This was ever his way. The shadow of Thanatos, dark-robed lord of the dead, always drove him to the worship of Eros, god of that frenzy and confusion which some call love. Love and Death were like twin sisters in the poet’s mind. The kiss of one would lead him to seek oblivion in the arms of the other.

  So we went down to Lucy Negro’s and fucked out the night.

  The Earl of Essex paid for Spenser’s funeral. His coffin was carried from King Street to Westminster Abbey by eight of his fellow poets – Thomas Campion, George Chapman, Samuel Daniel, Michael Drayton, Hugh Holland, Ben Jonson, John Marston, and William Shakespeare. Spenser was buried beside Chaucer in the Abbey, the poets consigning his body to the earth. As the coffin went into the grave each poet with bowed head dropped on it a scroll with an elegy and quill attached thereto. Some of the poets kept copies of their elegies, but Shakespeare did not. When I asked him why, he shrugged and said only, ‘I wrote it for Edmund Spenser, not for posterity.’

  This was the first of three deaths that left their mark on Mr Shakespeare, as on all of us alive then. The second came two years later when the man who had paid for Spenser’s funeral ascended the scaffold at the Tower. Essex had been found guilty of treason after his abortive attempt to raise the citizens of London against the Queen’s counsellors. Southampton, his right-hand man, was fortunate, as I have said, to be reprieved from execution, though he remained in prison for what was left of Queen Elizabeth’s reign. Mr Shakespeare himself, although the least conspiratorial of men, and by then at some convenient distance from Southampton, hardly found favour at Court because the ill-planned coup had begun with the conspirators commanding our Company to a performance of Richard II, where Essex loudly applauded the deposition scene.

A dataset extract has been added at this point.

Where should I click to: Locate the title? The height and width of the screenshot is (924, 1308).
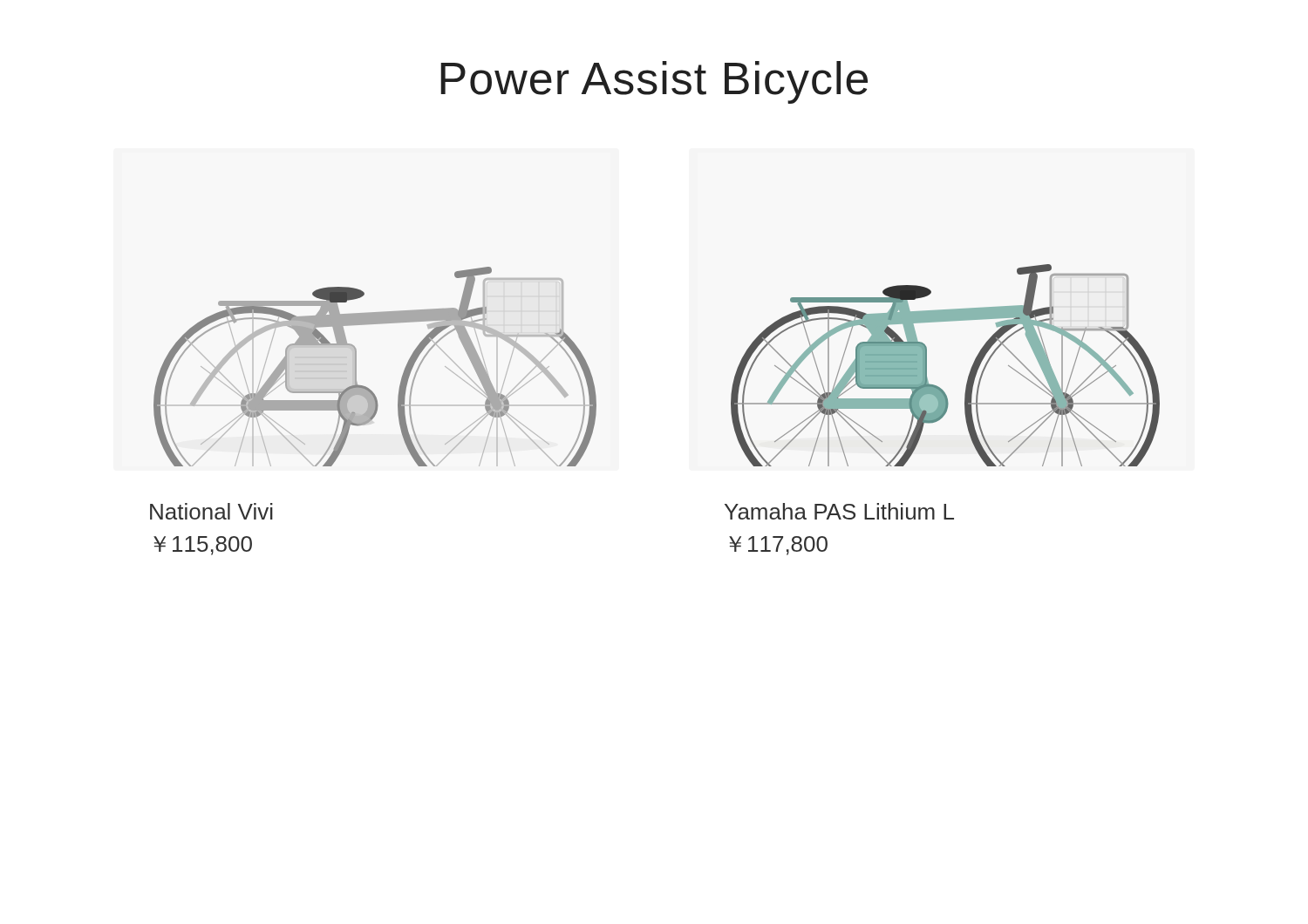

  I always considered the Earl of Essex insane. But then I was only a youth in those long-ago days, and perhaps the poor fellow was merely vainglorious and headstrong. His manners were never those of a successful courtier. Witness the famous occasion when the Queen boxed his ears and he drew his sword in anger at her behaviour.

  People say that when he heard the sentence of death passed upon him, he looked as calm and contented as if invited to dance with the Queen. There is a story that Elizabeth had given her favourite a ring at the height of her love for him, promising that whatever might befall in the years to come she would grant him any wish or pardon him any offence at the sight of this jewel. Essex is supposed to have sent the ring from the Tower by the Countess of Nottingham, who was to present it to the Queen as a token of his repentance, but the Countess preferred to keep the ring for herself. Those who can credit this story say that both Essex and Elizabeth were victims of the Countess, with the Earl believing up to the last moment that the sight of the ring would save him, and the Queen only affixing her seal to her former lover’s death warrant when she took his apparent failure to send her the ring as evidence of his pride. Pickleherring has an open mind on this romantic subject. But I will tell you in a minute of something that might confirm that the story is true.

  Elizabeth did make one concession, even without the ring. The sentence of hanging and quartering went too far, she decided. Essex should be beheaded, tout court, and his body could be buried in the Tower chapel, instead of being distributed to the four corners of London for public show.

  Her lover was no doubt grateful for this favour. On the appointed day, he mounted the scaffold clad in a long robe of embossed velvet, over a suit of black satin with a short white collar, and with a black felt hat on his head. When asked to pray for the Queen, he said: ‘May God give her an understanding heart,’ and then repeated the fourth psalm. The executioner was clumsy. The first blow struck the Earl of Essex aslant. He knelt there, half-dead, his bleeding head on the block, while the executioner turned away his face to redouble the blows.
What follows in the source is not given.